Conflicts are a ubiquitous part of our life. One of the main reasons behind the initiation and escalation of conflict is the identity, or the sense of self, of the engaged parties. It is hence not surprising that there is a consistent area of academic literature that focuses on identity, conflict, and their interaction. This area models conflicts as contests and focuses on the theoretical, experimental, and empirical literature from economics, political science, and psychology. The theoretical literature investigates the behavioral aspects—such as preference and beliefs—to explain the reasons for and the effects of identity on human behavior. The theoretical literature also analyzes issues such as identity-dependent externality, endogenous choice of joining a group, and so on. The applied literature consists of laboratory and field experiments as well as empirical studies from the field. The experimental studies find that the salience of an identity can increase conflict in a field setting.
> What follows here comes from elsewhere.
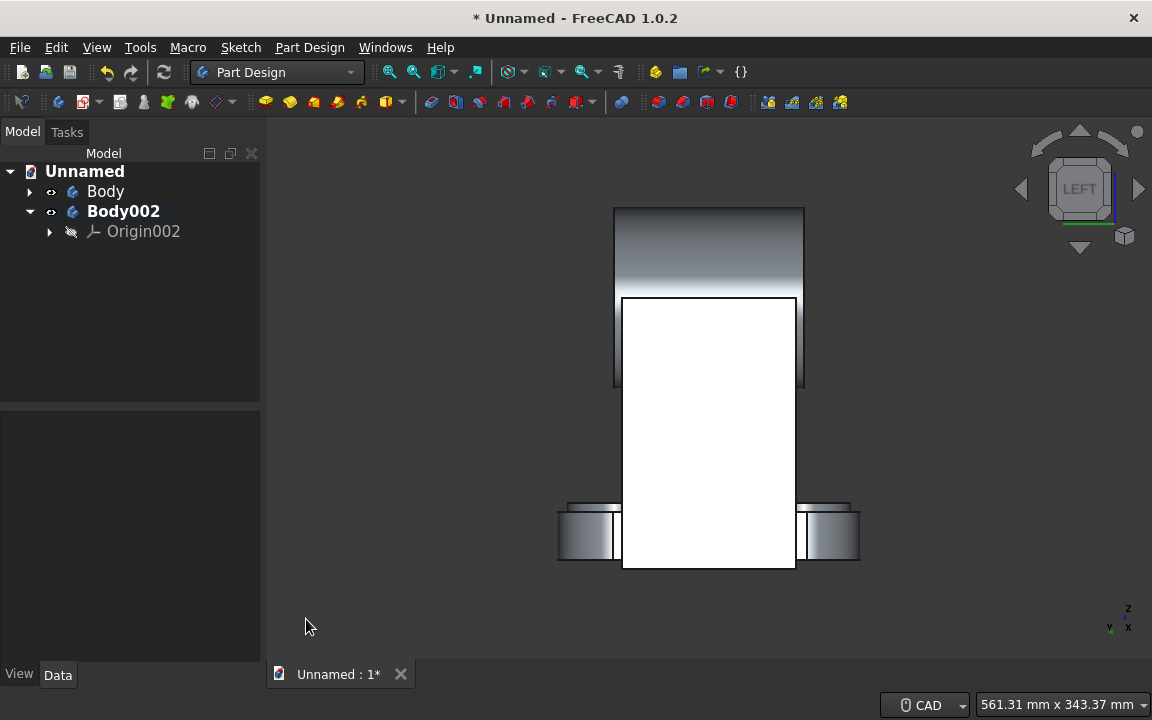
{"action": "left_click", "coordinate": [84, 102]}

Laboratory experiments show that whereas real identity indeed increases conflict, a mere classification does not do so. It is also observed that priming a majority–minority identity affects the conflict behavior of the majority, but not of the minority. Further investigations explain these results in terms of parochial altruism. The empirical literature in this area focuses on the various measures of identity, identity distribution, and other economic variables on conflict behavior. Religious polarization can explain conflict behavior better than linguistic differences. Moreover, polarization is a more significant determinants of conflict when the winners of the conflict enjoy a public good reward; but fractionalization is a better determinant when the winners enjoy a private good reward. As a whole, this area of literature is still emerging, and the theoretical literature can be extended to various avenues such as sabotage, affirmative action, intra-group conflict, and endogenous group formation. For empirical and experimental research, exploring new conflict resolution mechanisms, endogeneity between identity and conflict, and evaluating biological mechanisms for identity-related conflict will be of interest.